エピソード題「ルリタニア」とはアンソニー・ホプキンスの小説に出てくる架空の都市名だそうです。
#6 ルリタニア Ruritania あらすじ
王室に対する世間のイメージを回復させるため、首相として優れた手腕を発揮するトニー・ブレアに助言を求めるエリザベス。だがその提案は王室伝統を覆すものだった。
相関図
まとめ
王室の市場調査
第73代首相トニー・ブレアは支持率66%を叩き出す人気に。その一方で王室の人気は下がるばかり。この状況にエリザベスは、「私たちの立ち位置を知るべき時だと思う」と市場調査をしたいと言い出す。主任秘書官フェローズは反対するが、「ただの調査です」賛成する補佐秘書官のジャンブリン。

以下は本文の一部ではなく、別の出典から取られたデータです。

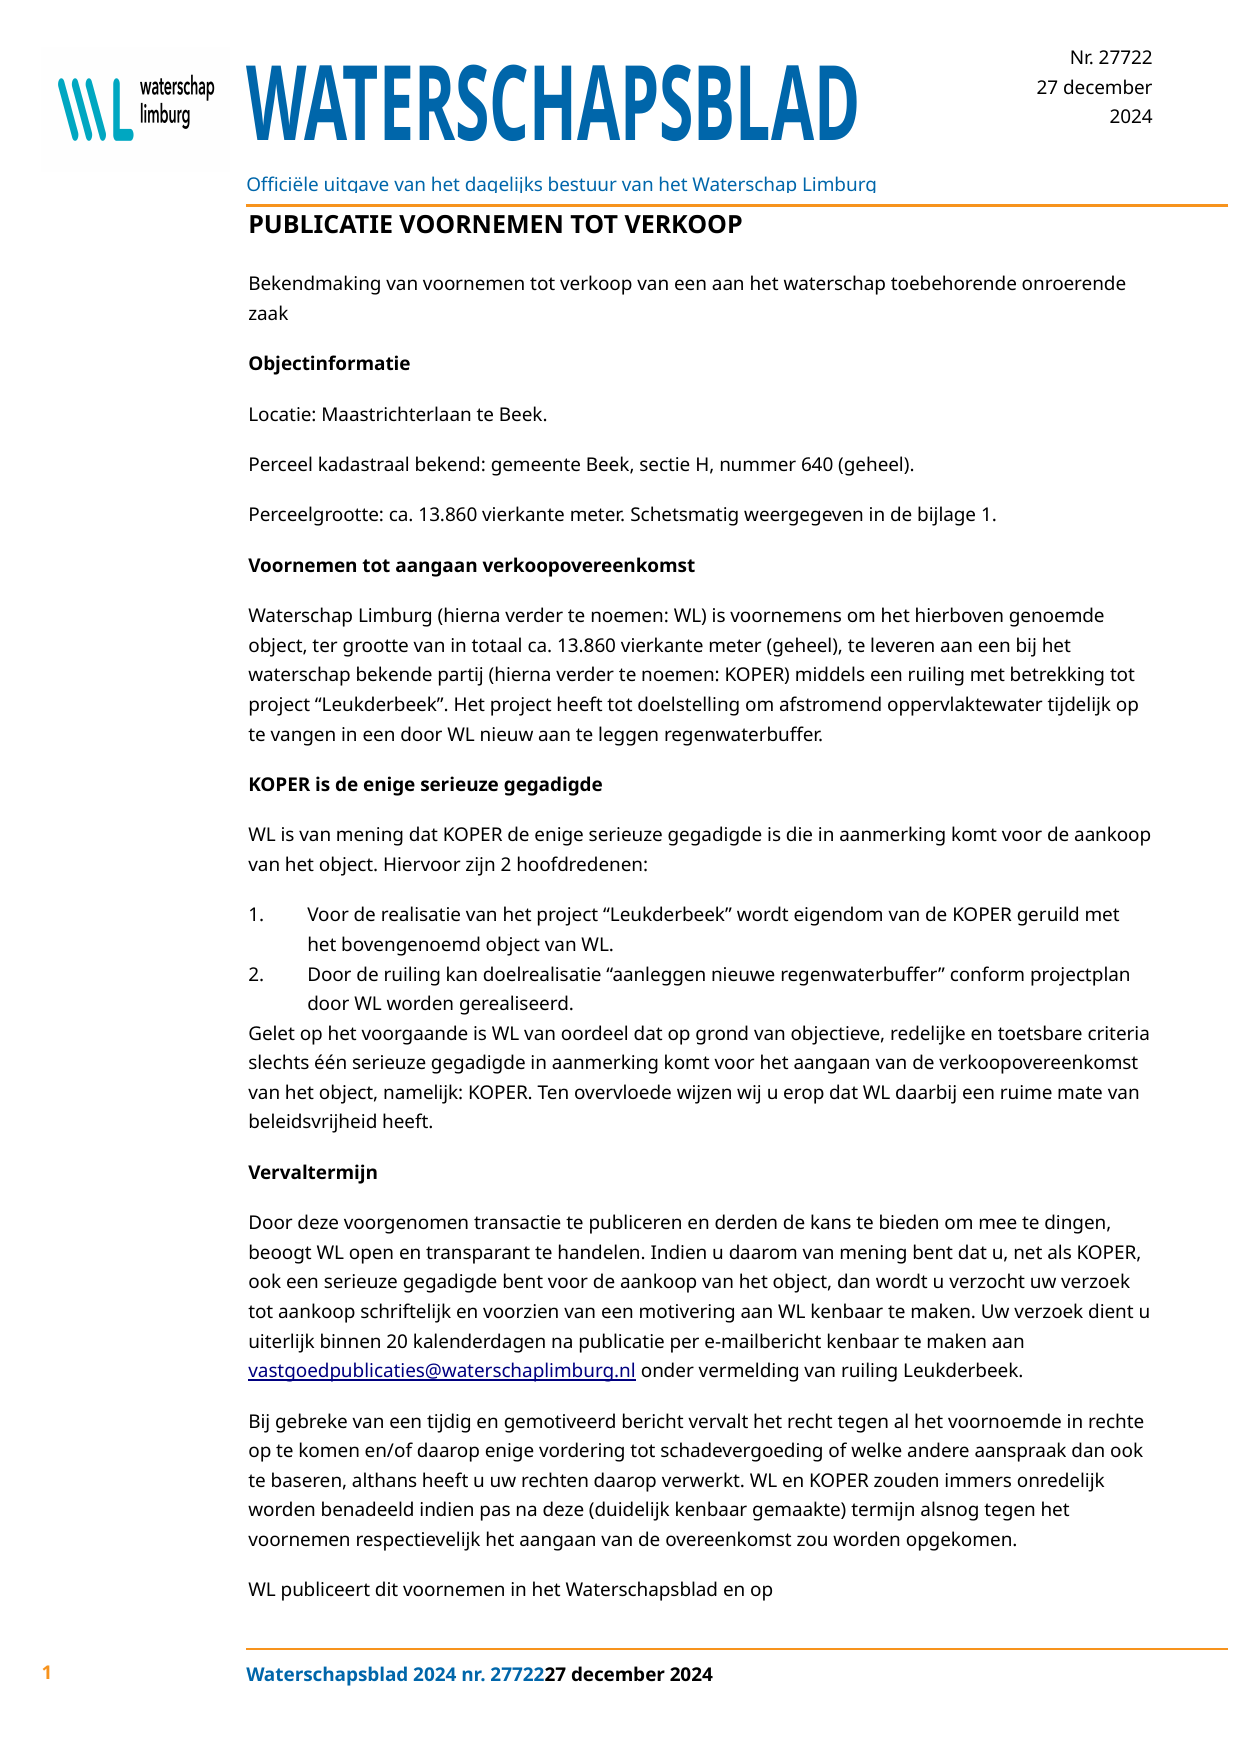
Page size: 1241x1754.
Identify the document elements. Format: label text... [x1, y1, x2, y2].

text WL is van mening dat KOPER de enige serieuze gegadigde is die in aanmerking komt voor de aankoop van het object. Hiervoor zijn 2 hoofdredenen: [248, 822, 1152, 877]
text Gelet op het voorgaande is WL van oordeel dat op grond van objectieve, redelijke en toetsbare criteria slechts één serieuze gegadigde in aanmerking komt voor het aangaan van de verkoopovereenkomst van het object, namelijk: KOPER. Ten overvloede wijzen wij u erop dat WL daarbij een ruime mate van beleidsvrijheid heeft. [248, 1020, 1152, 1134]
text Door deze voorgenomen transactie te publiceren en derden de kans te bieden om mee te dingen, beoogt WL open en transparant te handelen. Indien u daarom van mening bent dat u, net als KOPER, ook een serieuze gegadigde bent voor de aankoop van het object, dan wordt u verzocht uw verzoek tot aankoop schriftelijk en voorzien van een motivering aan WL kenbaar te maken. Uw verzoek dient u uiterlijk binnen 20 kalenderdagen na publicatie per e-mailbericht kenbaar te maken aan vastgoedpublicaties@waterschaplimburg.nl onder vermelding van ruiling Leukderbeek. [248, 1209, 1152, 1383]
text Vervaltermijn [248, 1159, 1152, 1185]
text PUBLICATIE VOORNEMEN TOT VERKOOP [248, 207, 1152, 241]
text Perceel kadastraal bekend: gemeente Beek, sectie H, nummer 640 (geheel). [248, 451, 1152, 477]
text WL publiceert dit voornemen in het Waterschapsblad en op [248, 1577, 1152, 1602]
text Objectinformatie [248, 350, 1152, 376]
text Waterschap Limburg (hierna verder te noemen: WL) is voornemens om het hierboven genoemde object, ter grootte van in totaal ca. 13.860 vierkante meter (geheel), te leveren aan een bij het waterschap bekende partij (hierna verder te noemen: KOPER) middels een ruiling met betrekking tot project “Leukderbeek”. Het project heeft tot doelstelling om afstromend oppervlaktewater tijdelijk op te vangen in een door WL nieuw aan te leggen regenwaterbuffer. [248, 602, 1152, 746]
picture [41, 47, 231, 172]
text KOPER is de enige serieuze gegadigde [248, 771, 1152, 797]
text Bekendmaking van voornemen tot verkoop van een aan het waterschap toebehorende onroerende zaak [248, 270, 1152, 326]
text Locatie: Maastrichterlaan te Beek. [248, 401, 1152, 426]
text Voornemen tot aangaan verkoopovereenkomst [248, 552, 1152, 578]
text Perceelgrootte: ca. 13.860 vierkante meter. Schetsmatig weergegeven in de bijlage 1. [248, 502, 1152, 527]
list Voor de realisatie van het project “Leukderbeek” wordt eigendom van de KOPER geruild met het bovengenoemd object van WL. [248, 902, 1152, 957]
list Door de ruiling kan doelrealisatie “aanleggen nieuwe regenwaterbuffer” conform projectplan door WL worden gerealiseerd. [248, 961, 1152, 1016]
text Bij gebreke van een tijdig en gemotiveerd bericht vervalt het recht tegen al het voornoemde in rechte op te komen en/of daarop enige vordering tot schadevergoeding of welke andere aanspraak dan ook te baseren, althans heeft u uw rechten daarop verwerkt. WL en KOPER zouden immers onredelijk worden benadeeld indien pas na deze (duidelijk kenbaar gemaakte) termijn alsnog tegen het voornemen respectievelijk het aangaan van de overeenkomst zou worden opgekomen. [248, 1408, 1152, 1552]

調査は無作為に選ばれた2千人を越える18才以上を対象に行われた。その結果、王室は世間を理解していない、税金のムダ使い、思いやりがないなど散々な結果で、挙げ句に、王室は今のまま存続するべきと回答したのはわずか10%だった。

チャールズは、「結果から学べることはある」と前向きだが、王太后やマーガレット、フィリップは、「ただのアンケートに過ぎない」と本気で取り合おうとしないがエリザベスは、「首相の支持率が上がってるのには意味があるはず」とブレアを意識した発言をする。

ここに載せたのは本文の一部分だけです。